After restarting apache, it handles any requests to http://www.biguser.com with these parameters. If you don't define a virtual host, the server will access the main web pages (defined by the main DocumentRoot in entry /usr/local/etc/apache/access.conf).

Log file format

httpd logs accesses and errors to the files you specify. It's worth understanding what's inside them. The following example shows five log entries. Normally each entry is all on a very long line.

p50859b17.dip.t-dialin.net - -             name of system, more
[01/Nov/2002:07:06:12 +1030]               date of access
"GET /Images/yaoipower.jpeg HTTP/1.1"      HTML command
200                                        status (OK)
19365                                      length of data transfer

aceproxy3.acenet.net.au - -
[01/Nov/2002:07:35:34 +1030]
"GET /Images/randomgal.big.jpeg HTTP/1.0"
304 -                                      status (cached)

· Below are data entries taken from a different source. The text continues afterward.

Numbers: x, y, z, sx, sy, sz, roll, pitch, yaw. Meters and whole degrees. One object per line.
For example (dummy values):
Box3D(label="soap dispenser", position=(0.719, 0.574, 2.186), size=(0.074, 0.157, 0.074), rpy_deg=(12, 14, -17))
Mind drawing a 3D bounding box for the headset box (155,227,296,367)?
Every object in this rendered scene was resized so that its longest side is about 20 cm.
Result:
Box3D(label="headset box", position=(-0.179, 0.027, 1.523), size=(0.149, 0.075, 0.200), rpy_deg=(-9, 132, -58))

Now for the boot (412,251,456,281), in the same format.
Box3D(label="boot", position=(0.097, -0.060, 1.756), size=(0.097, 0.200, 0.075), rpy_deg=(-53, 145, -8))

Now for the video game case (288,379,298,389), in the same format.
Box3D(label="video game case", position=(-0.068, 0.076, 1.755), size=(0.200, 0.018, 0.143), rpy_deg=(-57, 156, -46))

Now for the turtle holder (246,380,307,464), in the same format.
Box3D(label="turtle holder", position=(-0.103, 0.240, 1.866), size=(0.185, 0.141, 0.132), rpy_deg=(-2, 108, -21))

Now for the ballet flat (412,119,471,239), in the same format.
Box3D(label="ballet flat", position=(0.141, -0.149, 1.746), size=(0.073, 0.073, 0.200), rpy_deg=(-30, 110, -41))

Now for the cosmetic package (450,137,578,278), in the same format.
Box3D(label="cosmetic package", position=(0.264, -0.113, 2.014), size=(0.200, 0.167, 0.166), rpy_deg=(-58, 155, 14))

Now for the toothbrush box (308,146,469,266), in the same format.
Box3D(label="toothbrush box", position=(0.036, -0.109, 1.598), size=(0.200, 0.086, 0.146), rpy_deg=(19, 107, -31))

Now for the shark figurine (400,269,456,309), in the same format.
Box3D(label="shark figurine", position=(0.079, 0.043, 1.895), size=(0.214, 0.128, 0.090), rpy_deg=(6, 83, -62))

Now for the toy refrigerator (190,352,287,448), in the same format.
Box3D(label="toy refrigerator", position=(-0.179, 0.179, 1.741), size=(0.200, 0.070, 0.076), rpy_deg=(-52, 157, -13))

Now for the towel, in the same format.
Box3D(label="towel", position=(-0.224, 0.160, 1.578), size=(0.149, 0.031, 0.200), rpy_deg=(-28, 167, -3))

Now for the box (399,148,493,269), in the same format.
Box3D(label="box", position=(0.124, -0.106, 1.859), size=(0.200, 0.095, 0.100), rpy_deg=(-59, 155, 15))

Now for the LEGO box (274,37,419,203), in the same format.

218.24.24.27 - -                           system without reverse DNS
[01/Nov/2002:07:39:55 +1030]
"GET /scripts/root.exe?/c+dir HTTP/1.0"    looking for an invalid file
404 284                                    status (not found)

218.24.24.27 - -
[01/Nov/2002:07:39:56 +1030]
"GET /MSADC/root.exe?/c+dir HTTP/1.0" 404 282

218.24.24.27 - -
[01/Nov/2002:07:39:56 +1030]
"GET /c/winnt/system32/cmd.exe?/c+dir HTTP/1.0" 404 292

218.24.24.27 - -
[01/Nov/2002:07:40:00 +1030]
"GET /_vti_bin/..%255c../..%255c../..%255c../winnt/system32/cmd.exe?/c+dir HTTP/1.0"
404 323

The fields in the log file are separated by blanks, so empty entries are replaced by a - character. In this example, the second and third fields are always empty. They're used for identity checks and authorization.

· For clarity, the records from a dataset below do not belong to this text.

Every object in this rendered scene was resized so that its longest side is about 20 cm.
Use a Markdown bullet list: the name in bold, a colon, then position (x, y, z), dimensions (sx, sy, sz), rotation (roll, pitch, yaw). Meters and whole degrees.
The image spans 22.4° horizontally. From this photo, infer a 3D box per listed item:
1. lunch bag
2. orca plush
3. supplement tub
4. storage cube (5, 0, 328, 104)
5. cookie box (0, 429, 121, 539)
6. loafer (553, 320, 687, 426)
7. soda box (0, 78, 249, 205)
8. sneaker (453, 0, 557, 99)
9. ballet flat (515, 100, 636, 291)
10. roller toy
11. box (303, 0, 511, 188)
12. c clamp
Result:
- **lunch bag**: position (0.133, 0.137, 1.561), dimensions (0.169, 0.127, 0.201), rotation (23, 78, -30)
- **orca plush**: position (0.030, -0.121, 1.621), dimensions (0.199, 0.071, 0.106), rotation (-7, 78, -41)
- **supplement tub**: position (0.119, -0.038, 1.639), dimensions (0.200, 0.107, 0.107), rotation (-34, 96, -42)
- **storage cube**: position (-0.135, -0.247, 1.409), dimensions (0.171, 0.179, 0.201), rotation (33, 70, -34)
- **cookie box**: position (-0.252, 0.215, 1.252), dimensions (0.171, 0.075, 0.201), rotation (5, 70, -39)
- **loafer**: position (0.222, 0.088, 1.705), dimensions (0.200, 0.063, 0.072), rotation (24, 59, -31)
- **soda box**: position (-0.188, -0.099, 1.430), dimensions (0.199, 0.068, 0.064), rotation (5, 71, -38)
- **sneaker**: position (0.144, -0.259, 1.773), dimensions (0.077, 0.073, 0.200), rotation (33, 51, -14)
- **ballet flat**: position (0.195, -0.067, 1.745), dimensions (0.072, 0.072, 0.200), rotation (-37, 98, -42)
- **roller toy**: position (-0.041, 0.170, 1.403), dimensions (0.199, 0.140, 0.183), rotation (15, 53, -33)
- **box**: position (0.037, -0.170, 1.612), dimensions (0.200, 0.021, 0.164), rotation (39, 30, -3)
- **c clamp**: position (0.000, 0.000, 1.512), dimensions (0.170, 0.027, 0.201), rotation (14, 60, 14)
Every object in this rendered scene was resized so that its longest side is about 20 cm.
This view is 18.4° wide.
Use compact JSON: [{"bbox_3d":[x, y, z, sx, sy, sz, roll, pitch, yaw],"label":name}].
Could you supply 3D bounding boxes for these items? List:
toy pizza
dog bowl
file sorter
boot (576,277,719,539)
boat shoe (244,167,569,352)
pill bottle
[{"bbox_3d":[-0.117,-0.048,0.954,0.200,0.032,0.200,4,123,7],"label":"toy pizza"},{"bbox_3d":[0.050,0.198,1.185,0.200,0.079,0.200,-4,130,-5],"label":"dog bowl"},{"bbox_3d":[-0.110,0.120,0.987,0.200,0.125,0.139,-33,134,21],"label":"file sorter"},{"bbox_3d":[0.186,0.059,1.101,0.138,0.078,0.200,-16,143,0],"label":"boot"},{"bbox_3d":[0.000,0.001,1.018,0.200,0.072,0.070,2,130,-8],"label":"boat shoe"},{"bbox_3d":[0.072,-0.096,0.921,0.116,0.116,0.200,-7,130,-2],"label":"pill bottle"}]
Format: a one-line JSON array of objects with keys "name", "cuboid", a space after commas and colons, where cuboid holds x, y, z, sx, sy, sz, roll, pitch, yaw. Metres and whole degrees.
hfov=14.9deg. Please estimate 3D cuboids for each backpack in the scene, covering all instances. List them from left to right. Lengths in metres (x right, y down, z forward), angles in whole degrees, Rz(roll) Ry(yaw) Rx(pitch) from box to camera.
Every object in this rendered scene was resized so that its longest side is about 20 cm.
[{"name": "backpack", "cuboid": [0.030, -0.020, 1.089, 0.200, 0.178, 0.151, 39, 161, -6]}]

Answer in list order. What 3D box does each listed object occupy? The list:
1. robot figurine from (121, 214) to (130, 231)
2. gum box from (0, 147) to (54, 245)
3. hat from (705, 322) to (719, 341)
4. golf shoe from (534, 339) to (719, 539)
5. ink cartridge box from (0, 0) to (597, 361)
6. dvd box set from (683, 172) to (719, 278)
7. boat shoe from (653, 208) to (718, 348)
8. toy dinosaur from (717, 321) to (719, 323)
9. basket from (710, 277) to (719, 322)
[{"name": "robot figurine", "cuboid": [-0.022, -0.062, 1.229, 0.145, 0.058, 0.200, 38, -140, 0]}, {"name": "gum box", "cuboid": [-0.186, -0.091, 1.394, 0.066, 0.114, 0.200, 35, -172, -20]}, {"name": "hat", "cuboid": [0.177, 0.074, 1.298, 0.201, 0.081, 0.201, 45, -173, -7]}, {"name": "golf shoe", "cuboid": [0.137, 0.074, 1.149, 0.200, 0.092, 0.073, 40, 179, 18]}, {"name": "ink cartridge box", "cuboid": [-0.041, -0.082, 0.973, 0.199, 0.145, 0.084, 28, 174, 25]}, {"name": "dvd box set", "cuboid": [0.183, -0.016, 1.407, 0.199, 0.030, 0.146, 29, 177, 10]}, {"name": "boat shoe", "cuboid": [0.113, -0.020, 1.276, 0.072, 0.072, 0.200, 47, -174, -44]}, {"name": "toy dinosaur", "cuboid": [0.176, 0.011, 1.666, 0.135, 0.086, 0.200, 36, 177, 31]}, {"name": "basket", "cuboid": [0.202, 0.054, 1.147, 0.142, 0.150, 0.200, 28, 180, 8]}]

To get the names of the clients, you need to specify the HostnameLookups on directive. This requires a DNS lookup for every access, which can be relatively slow.

Although we specified hostname lookups, the last four entries don't have any name: the system doesn't have reverse DNS. They come from a Microsoft machine infected with the Nimda virus and show an attempt to break into the web server. There's not much you can do about this virus; it will probably be years before it goes away. Apart from nuisance value, it has never posed any threat to apache servers.